House Abert

by Constance Sleger

In urban renovation, the focus is often on the interior and exterior building. Plumbing, paint, roof, granite counters, engineered floors, blah, blah. We stumbled across a piece of land that happened to have a house on it. This is an account of the land.

I had a modest East Side duplex with a very small yard, which I owned with an estranged ex-boyfriend. We were both still living in it – in different units. Eventually through lawyers we agreed on sales terms and the end came quickly. Rosemary Sandretto from Terapak Realty came to see it and list it. She and Norm unloaded the property for us in less than a week. After splitting the proceeds, there might have been enough for a down payment on another modest house.

I saw that very house on the Terapak website, lyrically described as an “old farmhouse in the northern reaches of Riverwest with a wraparound porch and an apple tree.” In the frothy housing market of 2003, the place had been listed for more than two months. Something was probably wrong with it. Of course I wanted it.

My niece and I drove up to see the place one drippy night in April. “Cool! Boo Radley!” she said as we pulled into the drive.

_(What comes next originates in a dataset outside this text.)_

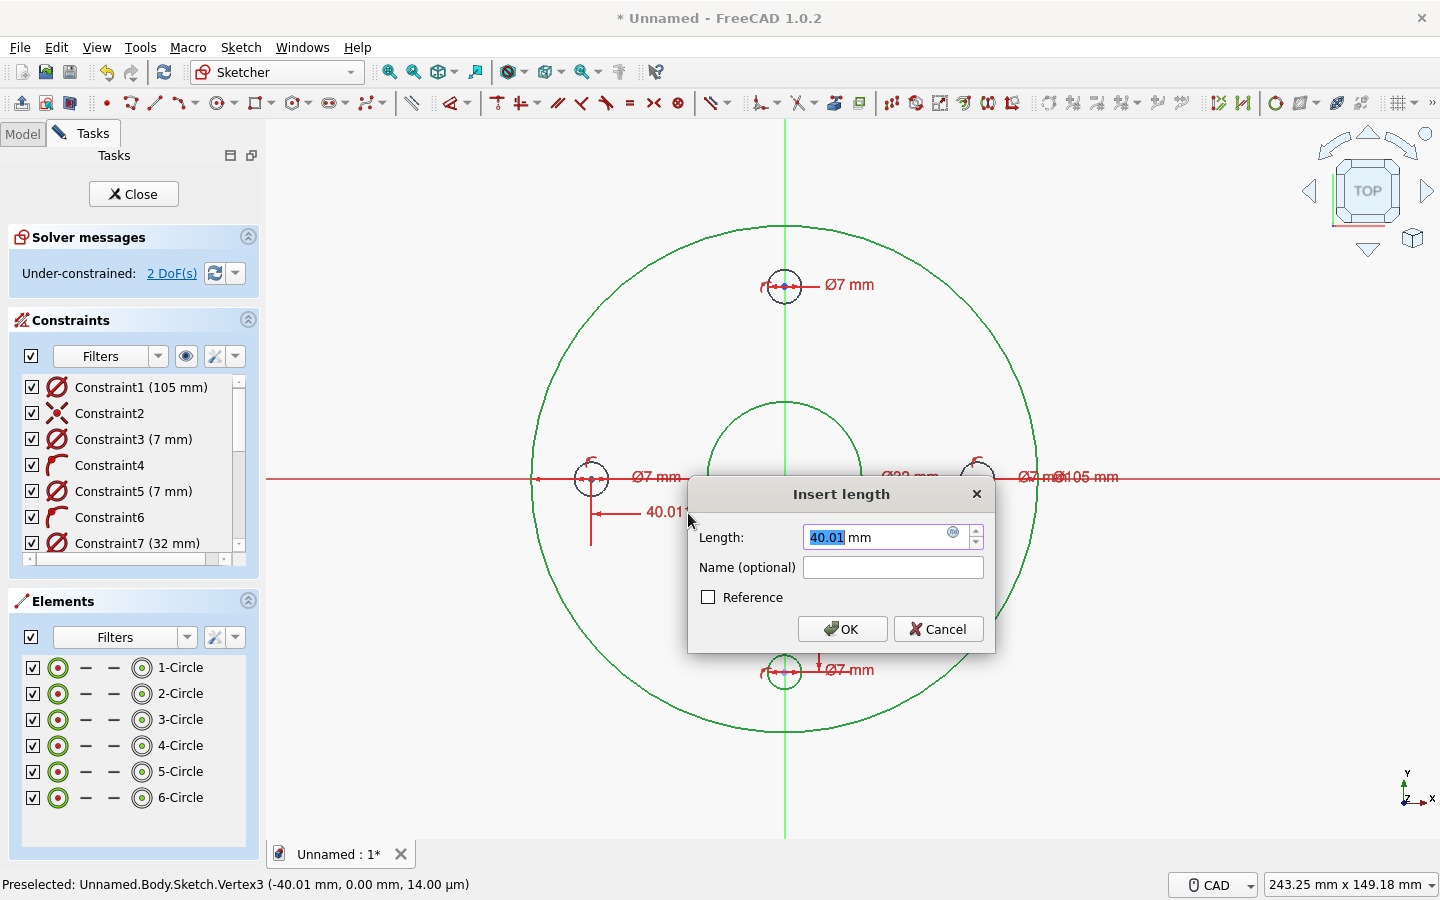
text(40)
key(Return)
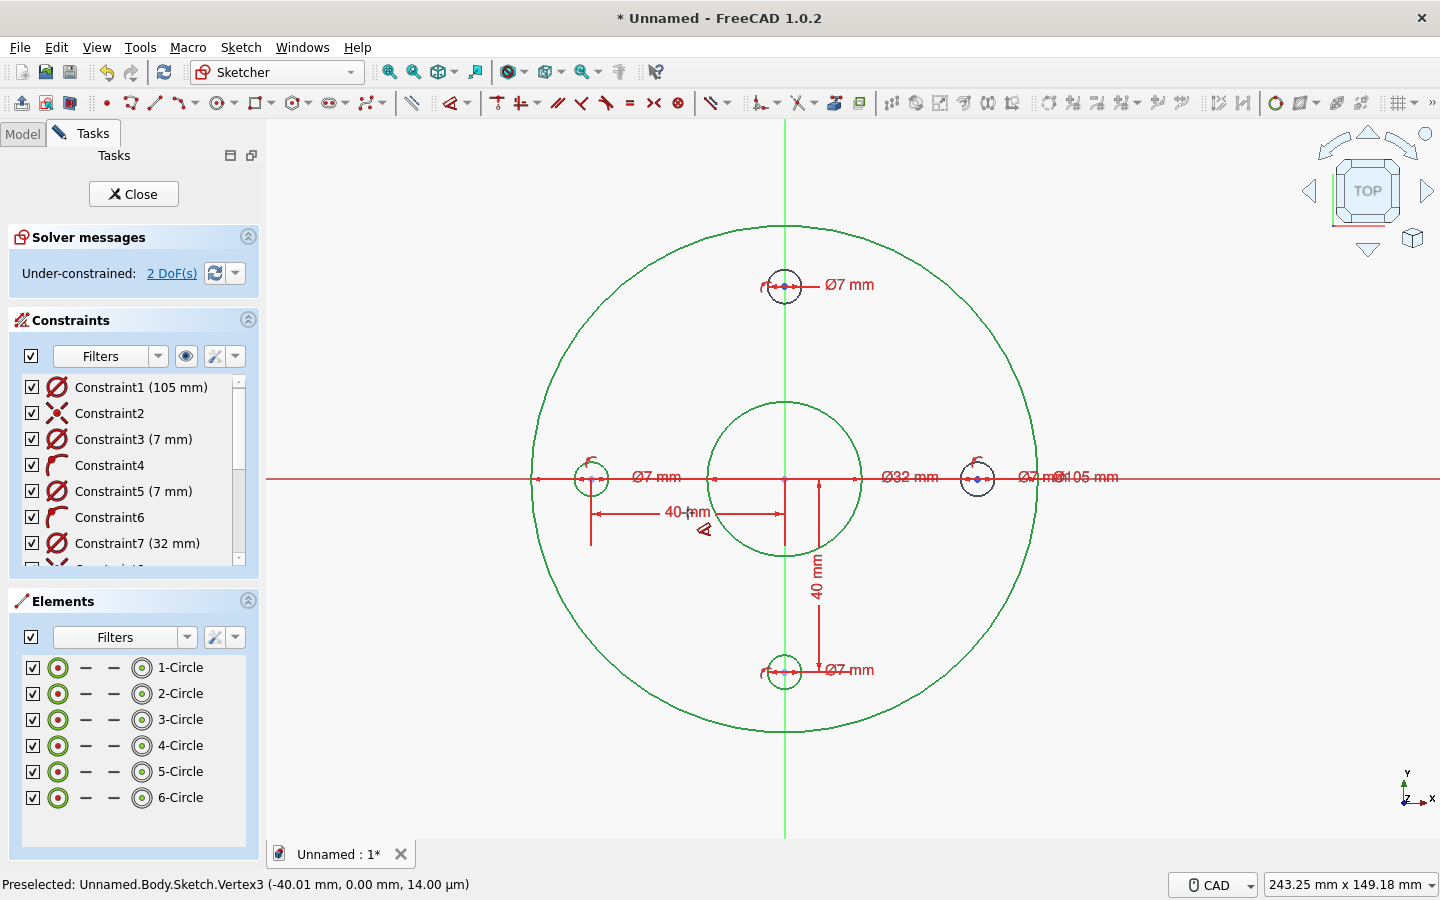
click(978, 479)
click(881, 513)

Well, kind of. The place was trashy and neglected and in the mist it looked haunted. The yard was choked with old doors, rotting lumber, rusty corrugated iron, and weeds.

But still I wanted it. A row of tall straight poplars with pale grey trunks fronted the property. And there was the porch, the old apple tree, and plum trees getting ready to blossom. Nearby was the river.

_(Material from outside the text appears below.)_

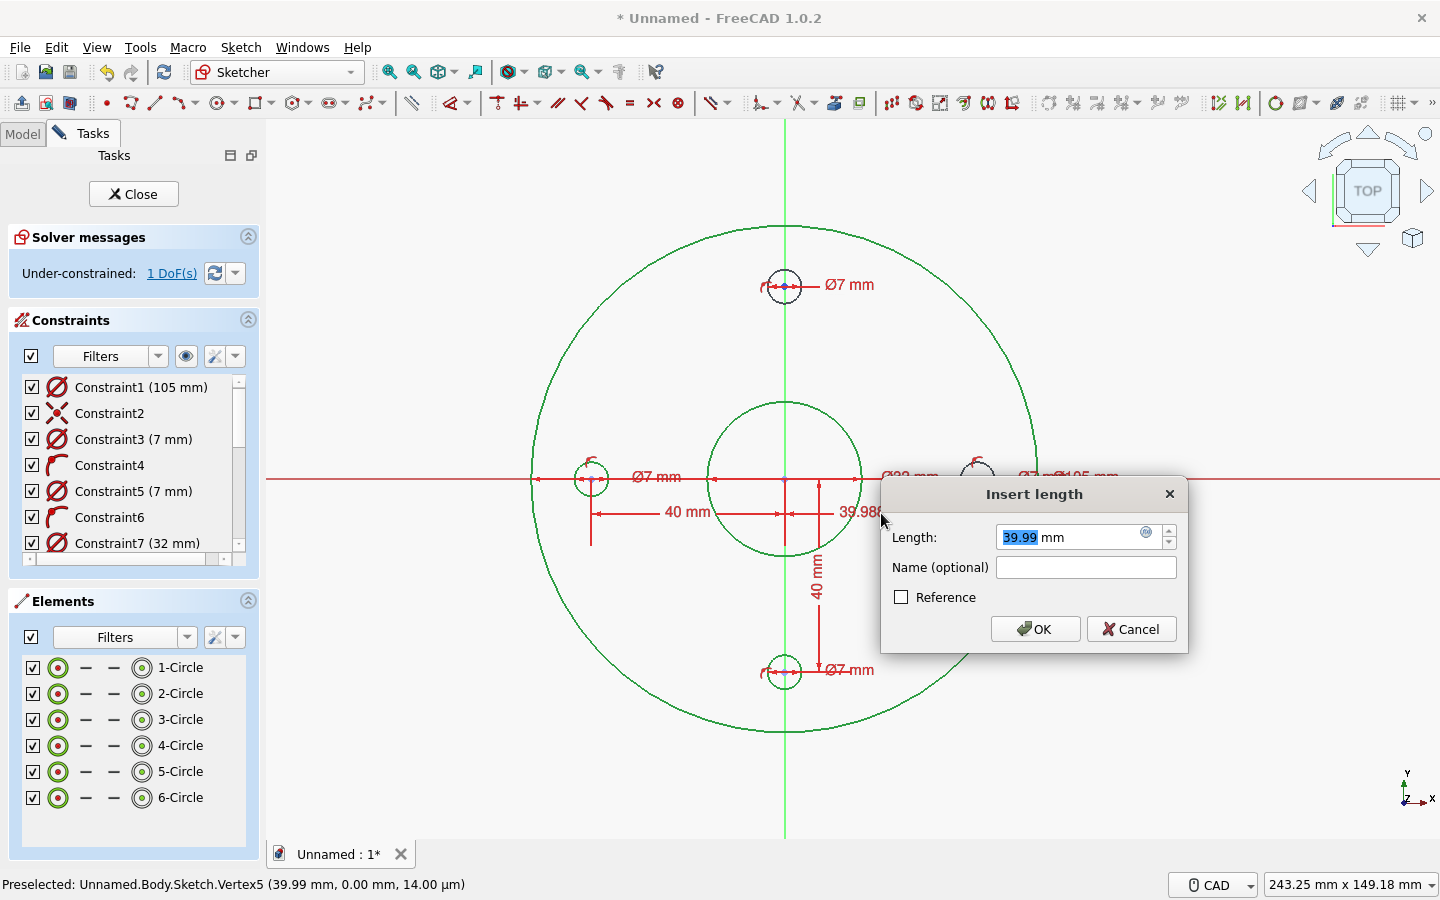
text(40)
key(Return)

The offer was accepted and so we closed in spring of 2003. Scott and I moved in on the last and rainiest weekend of May.

First, we had a deadline with the City: fix up the exterior in sixty days – or else. After the occupancy certificate came clearing the land: digging up stumps, removing endless garbage, pulling up bales of garlic mustard, picking out glass and nails and old toys imbedded in the ground. As my parents had done when they bought a wrecked farmhouse out in the northern Kettle Moraine almost forty years ago, so did I. I knew there was nothing to be afraid of.

We collected bricks and granite pavers and other hardscape materials lying around the yard, and created paths. There was a lot to collect; the longest-lived owners of the house had been a German mason and his family. Hardworking and maybe obsessed with masonry, he paved over much of the front yard. Scott sledged it out, I built retaining walls out of the pieces, and we hauled the rest away. Then a dump truck came and left tons of topsoil in the yard. We covered over the moonscape, planted grass and yews, and shaped a berm to control wind and create privacy on the alley side.

Over the past two years we have turned over almost the entire yard to at least one spade’s depth. Considering all the abuse the land has undergone, the soil is amazingly black and loamy. To cover it, we broadcast pounds of white clover seed all around. We visited nurseries, plant shows and farmers markets, and accepted plants from family and friends. I built a compost bin. Both wild and cultivated flowers bloomed. Passing neighbors smiled and gave compliments, and we shared with them a bumper crop from our red plum tree.

One day a while ago when we were both at work, all of our garden tools as well as a red wheelbarrow filled with compost disappeared. Who’d want a rusty old mattock? A plastic yard rake? The compost? Maybe they turned up at a rummage sale somewhere else. We learned that ownership is sometimes not respected by some few passers-by, and so we learned to keep our tools out of sight.

This neighborhood is debatable. Sometimes strangers with no seeming good intent knock on our door in the middle of the night, or enter the yard to work a scam. Occasionally, police cruise by searching for suspects, or we get rumor of a nearby mugging or burglary. Still, I like to think that we are fighting the forces of chaos up here with a lawnmower and pruning shears. When we sit on the porch on a warm day with cold beers and the Weber grill going, and a view of the trees in the river valley, we know we created this.

The lesson is?

Do there have to be lessons?

We learn from what we do and then we want to talk about them (I do anyway). So here’s one: you get dirty but dirt washes off.

Or: just because nobody else wanted it, doesn’t mean it doesn’t have value.

Or: if you dump your baggage, opportunities open up. Old houses appear just when you need them. Everything we are or aspire to is right splat there in the yard like a big old billboard. You may roll your eyes, or you may admire, or you may just observe for a while to see what will happen next.